Esmerlik sefaletin rengidir ve yoksul Seher bitli saçları kestirilip yeni kıyafetler giydirilip yeni bir yaşama adım atacaksa ismi de değişmelidir. Seher’in Şemsa’ya dönüşmesidir. Eski süslü anlatıların çoğu bu dönüşümün hikâyeleri ile doludur belki. Ancak Recaizade Mahmut Ekrem’in hikâyesi başka akar. Seher ya da Şemsa, kısa sürede hastalanarak ölür.

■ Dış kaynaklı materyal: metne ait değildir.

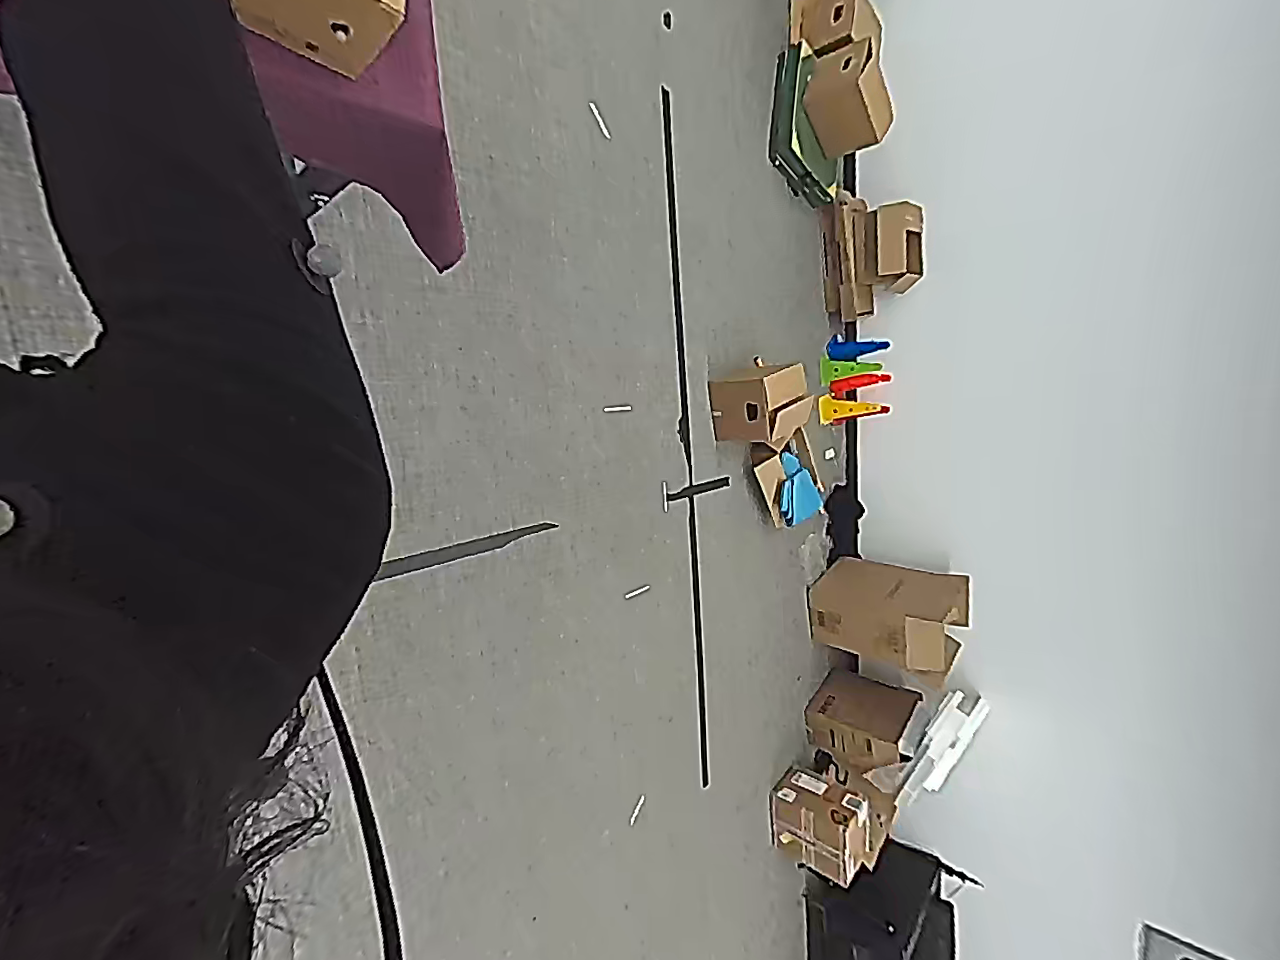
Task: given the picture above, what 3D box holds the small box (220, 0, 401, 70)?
[{"bbox_3d":[-0.397,-0.638,0.633,0.168,0.176,0.179,-2,93,-49],"label":"small box"}]
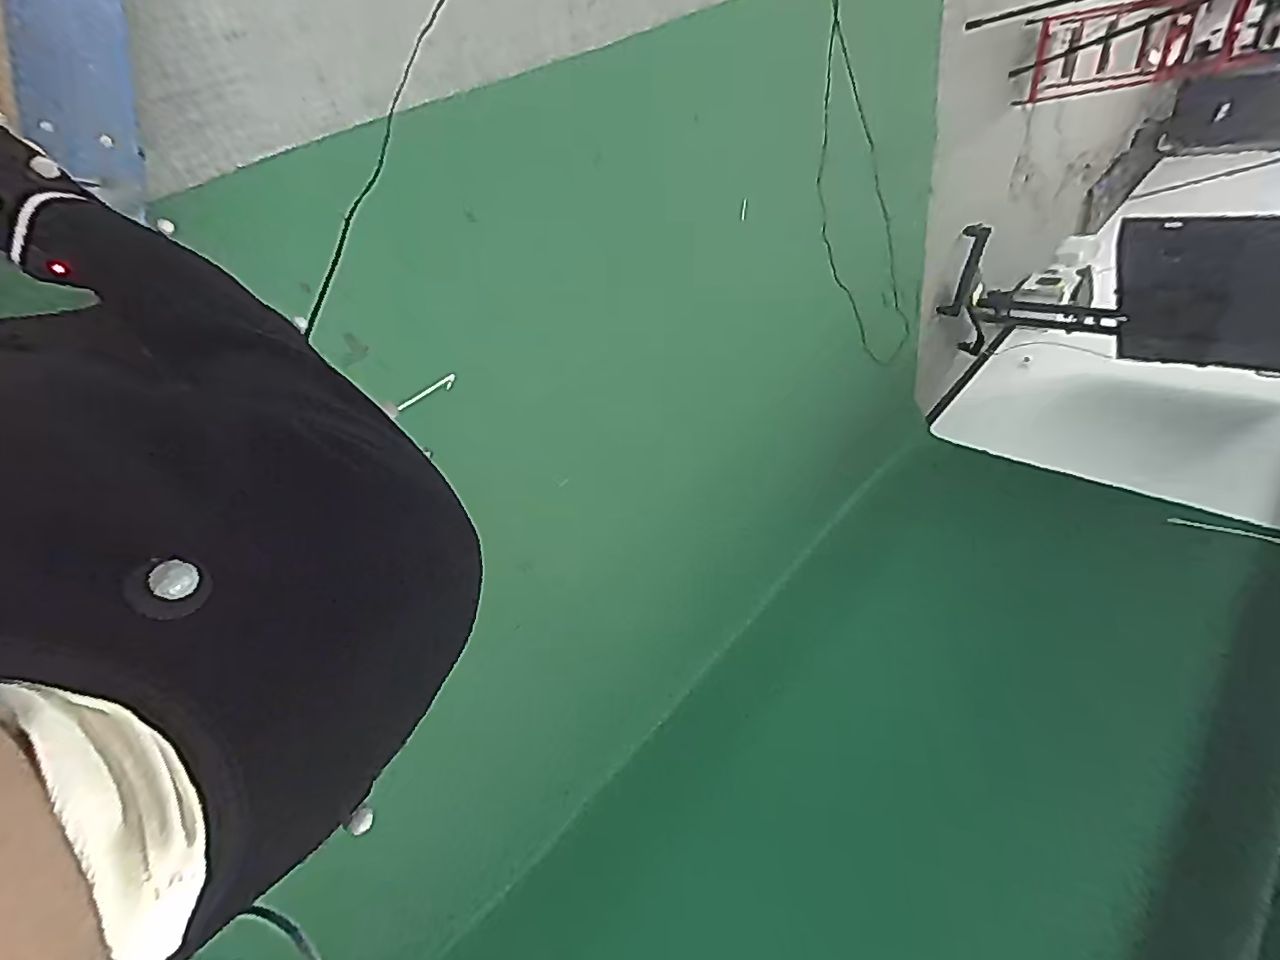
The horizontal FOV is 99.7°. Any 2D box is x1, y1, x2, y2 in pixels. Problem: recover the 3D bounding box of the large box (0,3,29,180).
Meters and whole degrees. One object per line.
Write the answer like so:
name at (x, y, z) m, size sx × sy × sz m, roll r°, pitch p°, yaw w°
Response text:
large box at (-1.020, -0.631, 0.655) m, size 0.320 × 0.320 × 0.408 m, roll -7°, pitch 112°, yaw -43°
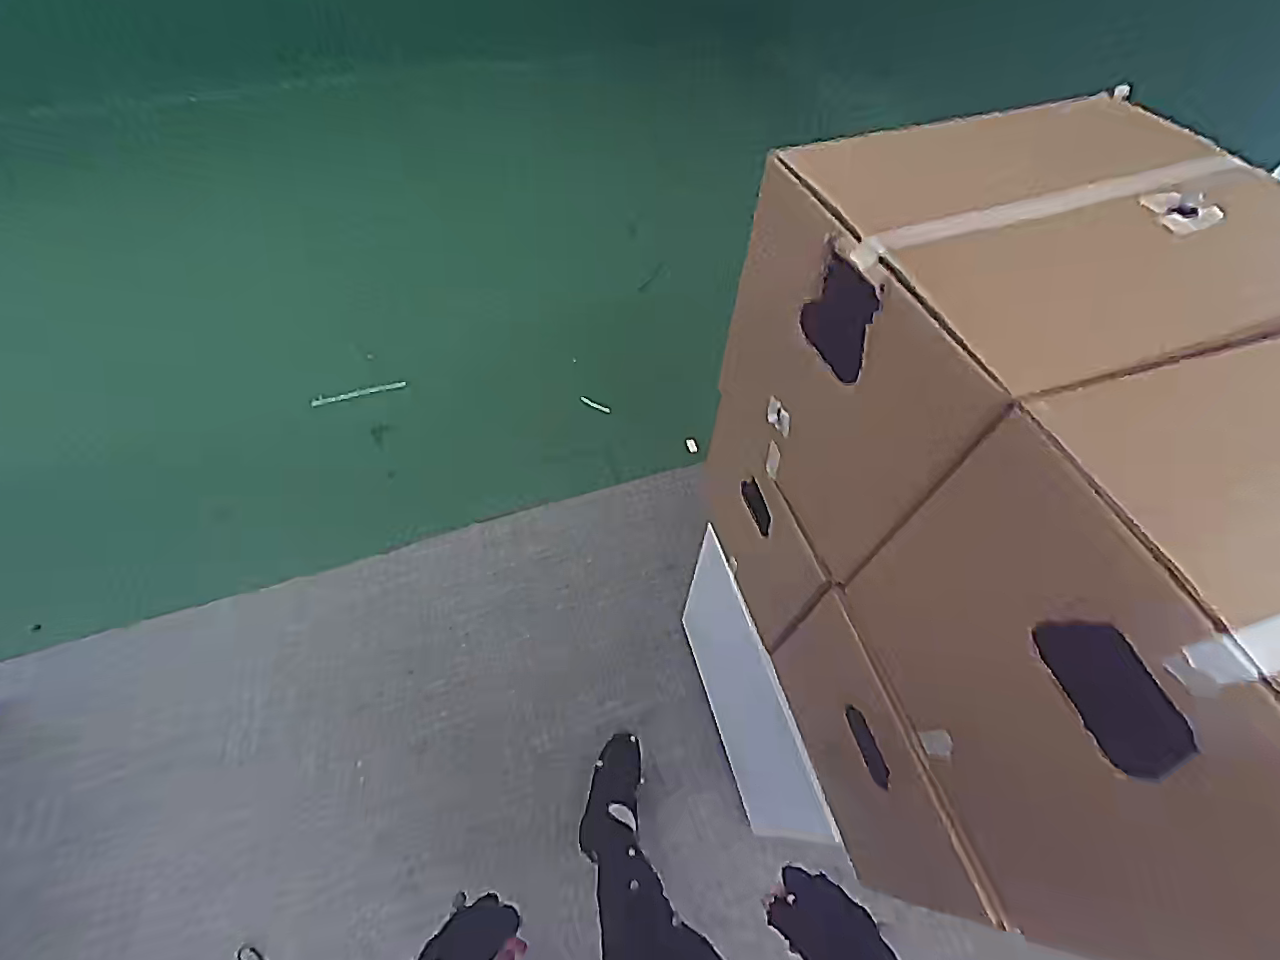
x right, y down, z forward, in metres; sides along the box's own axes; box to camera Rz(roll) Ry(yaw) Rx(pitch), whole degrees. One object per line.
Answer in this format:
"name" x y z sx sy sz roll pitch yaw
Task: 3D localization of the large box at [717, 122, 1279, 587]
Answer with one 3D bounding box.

Bu andan sonrası anlatıcının el işleri öğrenip piyano çalacak ve entelektüel bir birikim de edinerek kendisine bahşedilen soylulaşmayı yaşayacak Şemsa’nın ümidi ile bu hayalin gerçekleşmemesi sonucu net biçimde karşısında bulunan sefalet içinde doğan ve çocuk yaşta ölen Seher’in realitesi arasında gidip gelmesidir. Burada realitenin hikâyedeki izdüşümü ağır basar. Seher ya da Şemsa’nın mezarın kazılması, tabutun getirilmesi ve cenazenin gömülmesi şiirsel fakat gerçekçi biçimde tasvir edilir. Satır aralarında önemli notlar da bulunur üstelik. Örneğin anlatıcı, ölümüne kadar Şemsa’ya dönüştürdüğü kız çocuğunu ölümünden sonra bazen Seher bazen Şemsa olarak anmaya başlar. Kurgulanan ile yaşamın gerçekliği arasında gerçeklik ağır basmaktadır. Üstelik Seher, kendisini evlat edinen anlatıcının aile mezarlığına değil anlatımdan yola çıkarak kimsesizler mezarlığı olabileceğini düşündüğümüz bir mezarlığa gömülür:

“Şemsa’nın bir yetim, bir kimsesiz, bir garip olduğunu sorup öğrenmiş olmaları doğal görünen mezarcılar, diğer garipler gibi bunun kabrine de mermerden bir alamet koyacak kimse bulunamayacağını besbelli hesap etmişlerdi!” (age, s.29)

Seher, ne olursa olsun zenginlerin/soyluların hayatının bir parçası değildir. Ne yaşarken ne de öldüğünde. Seher’den Şemsa’ya dönüşüm ancak romantik bir kurgunun sonucudur. Ölüm ölümden başka bir şey değildir, yoksul yoksuldur, mezarcı mezarcıdır, Seher de Şemsa olmayacaktır:

“Yalnız bir ara bunlardan birinin arkadaşına hitaben, “Kazmayı şuraya vur! Toprağı şuradan al!” yollu tavsiyesine arkadaşı, “Ben mezarcılığı yeni mi yapıyorum sanıyorsun? Yirmi senedir mezar kazıyorum!” şeklinde övünerek karşılık verdi. Bu durum bana Shakespeare’in Hamlet’indeki mezarcıyı hatırlattı. Evet! Ölüm her nerede olursa olsun ölümden başka bir şey olmadığı gibi, mezarcı da mezarcıdan başka bir şey olamıyor!” (age, s.27)

Recaizade Mahmut Ekrem, kitaba yazdığı “Özür Manasında Bir Uyarı” başlıklı önsözde “Şemsa, sıradan bir olayı tasvir etmektedir ki, insanlık âlemi her gün yüz binlerce örneğini görüp geçirdiğinden kamuoyu için hiçbir önem taşımamaktadır.” diye yazar. (age, s.13) Eski edebiyat için önemsiz, sıradan, “değersiz” olan, basit birer figür, bir dolgu malzemesi olanlar, yalın gerçeklikleri ile edebiyatın konusu haline gelmektedir.